Margaret L. Cohen - 2014 FAC Representative

Margaret Cohen

Position: Undergrad Adelphi
Division: UMUC Adelphi
Category: Collegiate
Program: Global Business and Public Policy


I began with UMUC in 1987, as an instructor in the European division, teaching law, labor relations and philosophy. When I returned to the States, I taught as an adjunct from 1998-2006 in what became the Department of Global Business and Public Policy, and have been a Collegiate Professor since August 2006.

In the latter capacity, I served as Course Chair for Business Ethics and Employment Law, and as faculty advisor to the Global Business and Public Policy online student club. I have made presentations at UMUC conferences on Teaching Ethics Across the Business Curriculum, and at the SHRM Student Club, on the Employee Free Choice Act.

Before election to FAC, I attended and gave testimony at the Work Group on Adjunct Faculty and Graduate Students in the University of Maryland System, a workgroup convened by the Maryland legislature. The ultimate result of that group’s efforts was a new Adjunct policy, now approved by the Board of Regents and to be put into effect this fall. Implementation at UMUC includes a pay increase for adjuncts, the first in 8 years.

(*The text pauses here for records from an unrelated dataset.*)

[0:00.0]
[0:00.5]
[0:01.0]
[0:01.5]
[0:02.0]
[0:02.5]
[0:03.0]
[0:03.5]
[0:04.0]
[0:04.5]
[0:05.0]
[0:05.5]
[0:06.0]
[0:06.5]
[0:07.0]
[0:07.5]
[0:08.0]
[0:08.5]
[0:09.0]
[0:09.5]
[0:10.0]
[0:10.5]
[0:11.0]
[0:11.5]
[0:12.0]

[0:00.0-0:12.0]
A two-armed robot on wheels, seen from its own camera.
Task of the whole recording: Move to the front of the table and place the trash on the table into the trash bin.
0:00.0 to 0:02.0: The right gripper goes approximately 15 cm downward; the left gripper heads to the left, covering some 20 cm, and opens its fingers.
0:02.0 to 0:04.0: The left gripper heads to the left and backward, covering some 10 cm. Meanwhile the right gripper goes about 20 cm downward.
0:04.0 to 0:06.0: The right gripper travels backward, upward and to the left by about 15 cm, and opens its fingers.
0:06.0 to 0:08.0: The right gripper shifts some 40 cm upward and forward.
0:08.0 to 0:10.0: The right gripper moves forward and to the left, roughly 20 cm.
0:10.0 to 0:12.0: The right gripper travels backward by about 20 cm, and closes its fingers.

I have served on the Council of University System Faculty for the past year, and have worked, with my UMUC colleagues there, to bring shortcomings in UMUC shared governance to the attention of CUSF and of the System Chancellor.

As a member of our Faculty Advisory Council for the past two years, I have worked with like-minded FAC members to protest defects in shared governance, to propose changes in UMUC grievance procedures to better protect faculty, to fashion means to better communicate with faculty, and to critique methods used to massively transform the curriculum and culture of UMUC.

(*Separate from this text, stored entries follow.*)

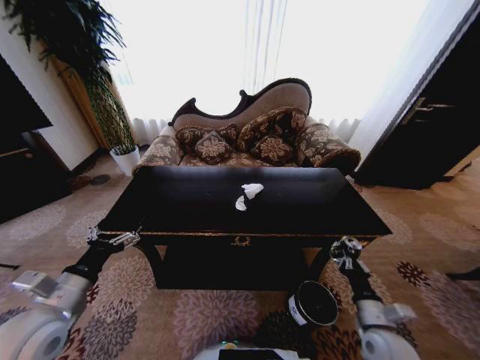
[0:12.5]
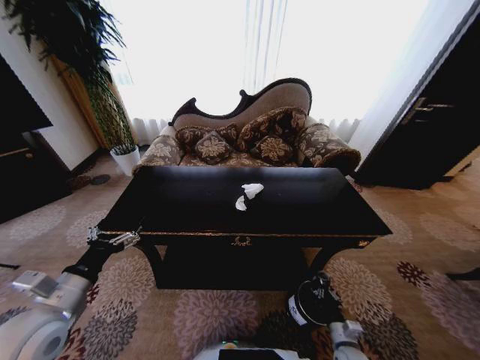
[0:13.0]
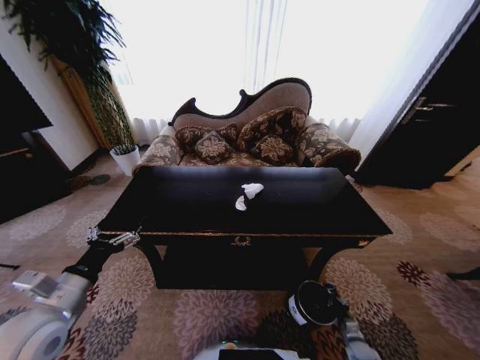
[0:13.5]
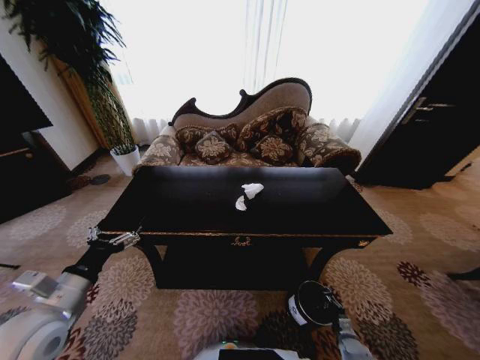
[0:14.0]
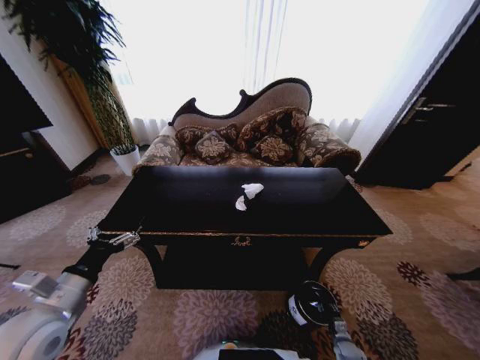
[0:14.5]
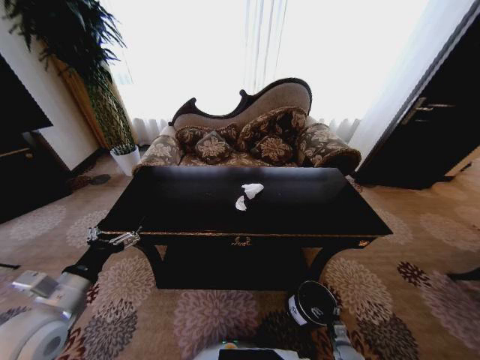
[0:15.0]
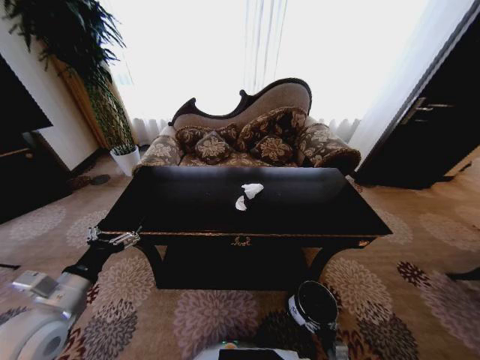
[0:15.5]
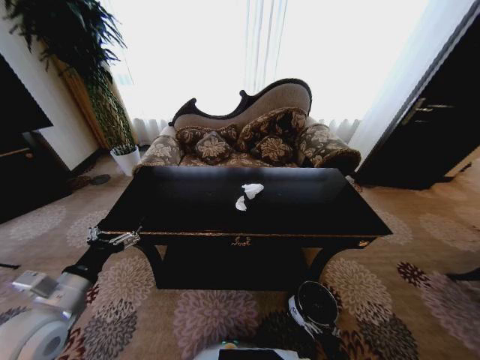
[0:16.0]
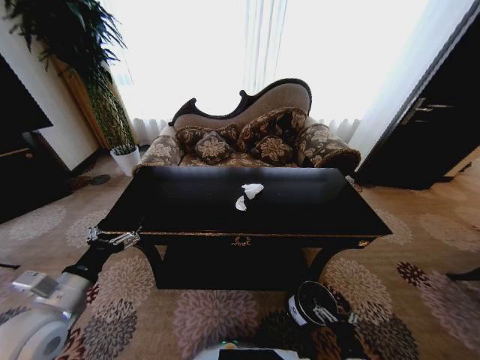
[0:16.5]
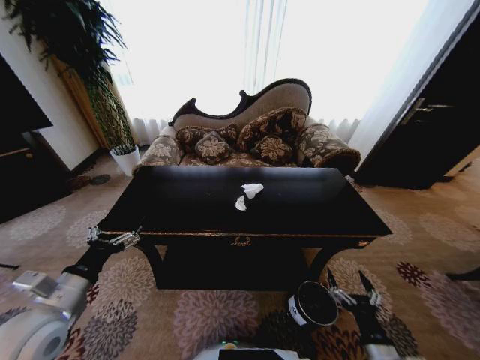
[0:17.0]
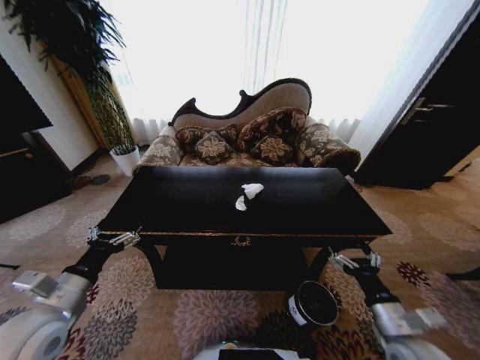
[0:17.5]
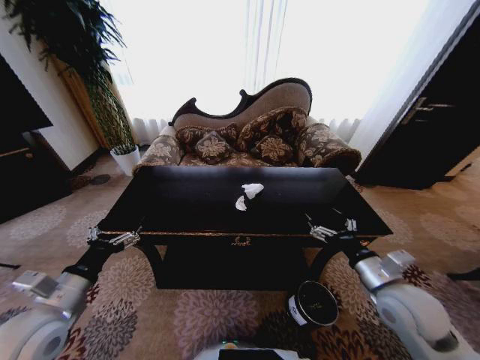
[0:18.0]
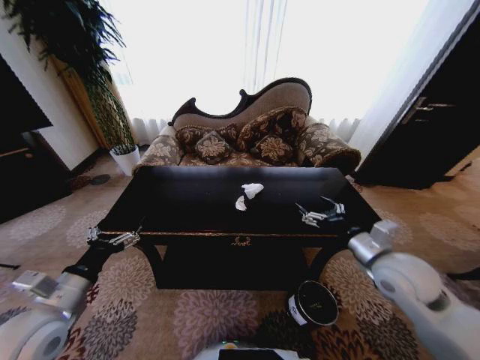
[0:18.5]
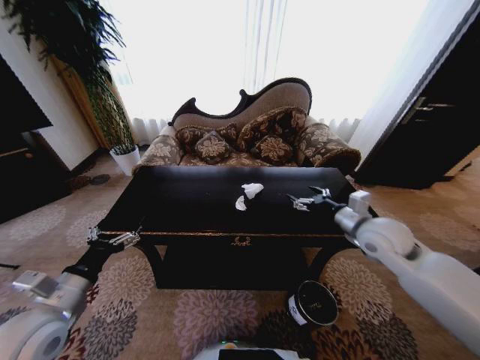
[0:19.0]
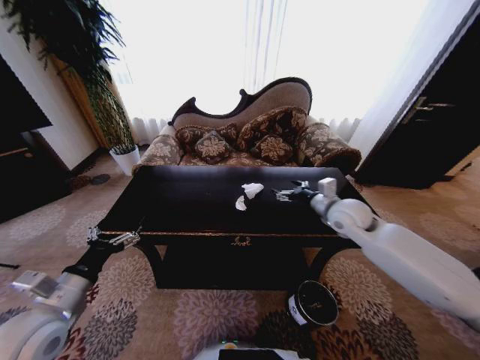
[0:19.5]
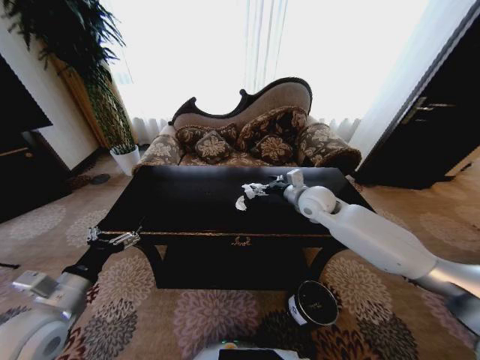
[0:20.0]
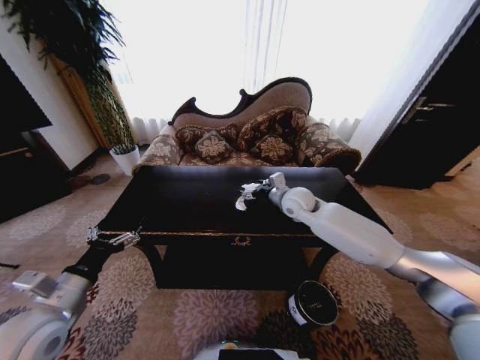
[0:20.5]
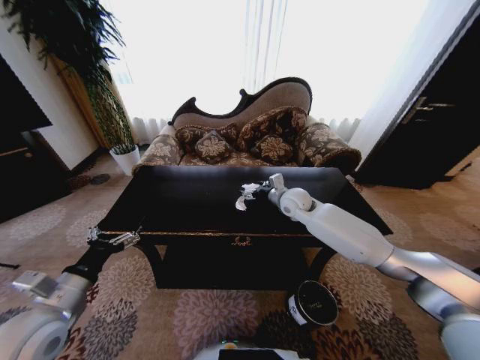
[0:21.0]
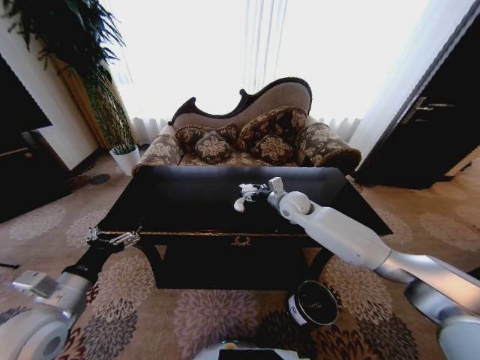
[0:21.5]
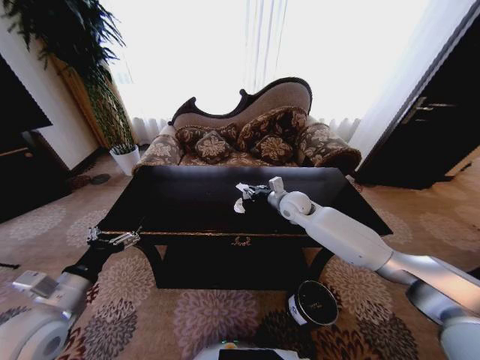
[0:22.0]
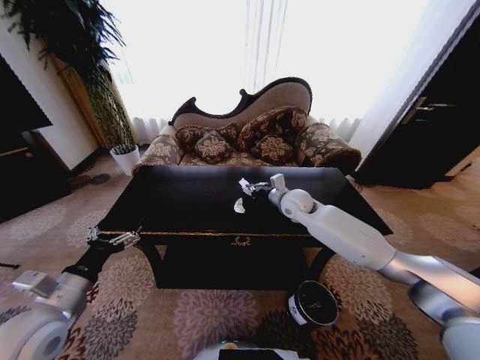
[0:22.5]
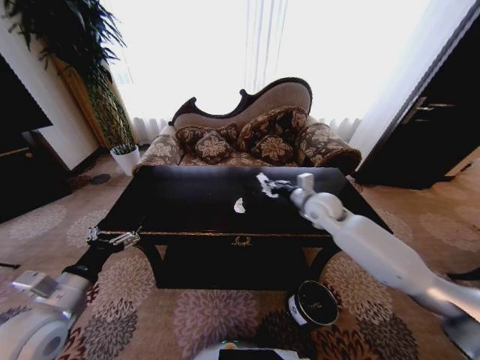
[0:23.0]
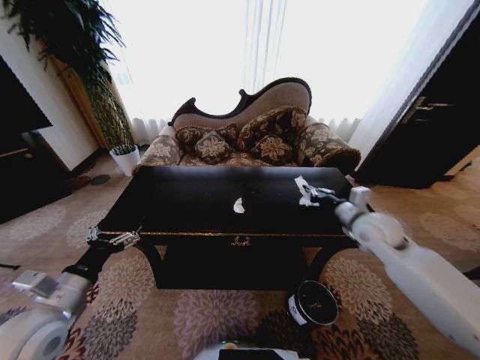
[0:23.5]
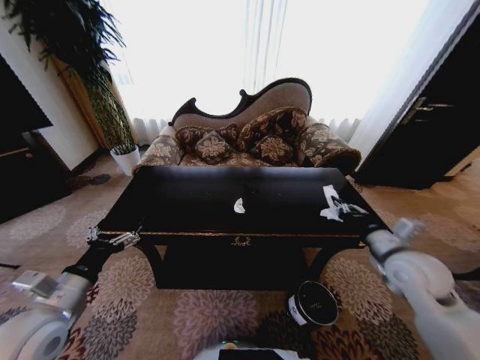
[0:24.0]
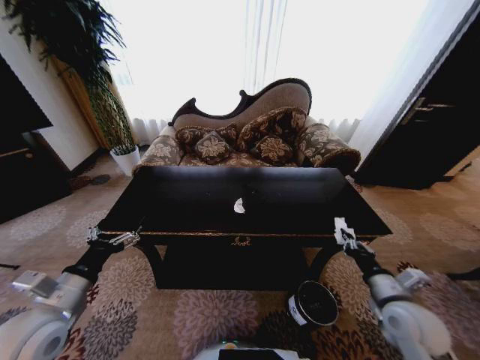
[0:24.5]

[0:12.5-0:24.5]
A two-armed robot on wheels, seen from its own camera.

Before coming to UMUC, I practiced union-side labor law and worked as a legal editor on various employment and labor law publications.

Nomination Essay

I seek reelection to our Faculty Advisory Council because I continue to be concerned about the massive transformation of UMUC, a university that has historically fulfilled an important educational and social mission, and has provided creative and accomplished teachers an opportunity to participate in that mission.

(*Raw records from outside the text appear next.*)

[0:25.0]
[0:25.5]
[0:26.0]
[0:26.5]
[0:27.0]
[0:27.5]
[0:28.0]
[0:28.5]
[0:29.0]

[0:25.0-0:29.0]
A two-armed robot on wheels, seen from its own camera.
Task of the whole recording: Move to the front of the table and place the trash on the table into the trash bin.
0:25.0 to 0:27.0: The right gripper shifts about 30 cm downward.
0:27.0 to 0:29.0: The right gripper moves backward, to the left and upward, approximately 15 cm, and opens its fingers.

I remain concerned about class sizes and about increasing mandated uniformity in teaching methods and in the assessment of student accomplishment. I remain concerned that UMUC has taken a direction in the treatment of faculty that suppresses individual contributions and special abilities born of real-world experience—what makes our faculty so unique—and that will reduce the ability of faculty to give our extremely diverse student body the individual attention that is often the basis of their individual success.

There has been little FAC or faculty input in the changes effected over the past two years—other than individual faculty participation in structured exercises, predetermined by administration or outside consultants. Once decided upon or implemented, administration has sought, and sometimes not received, FAC approval.

FAC has protested this lack of shared governance to our Provost, and our CUSF members have reported this significant shortcoming to the Council of University System Faculty, and to the Chancellor of the Maryland University System. As a consequence, UMUC administration appears to be making greater efforts to inform FAC before academic and other institutional changes are made, and to seek some input.

Much more needs to be done, however, to enable UMUC to maintain its status as a world-class educational institution, and to protect and advance the individual and professional interests of its world-class faculty. For this reason I ask my colleagues for the privilege of continuing to serve your interests, and those of our remarkable students, as a member of the Faculty Advisory Council.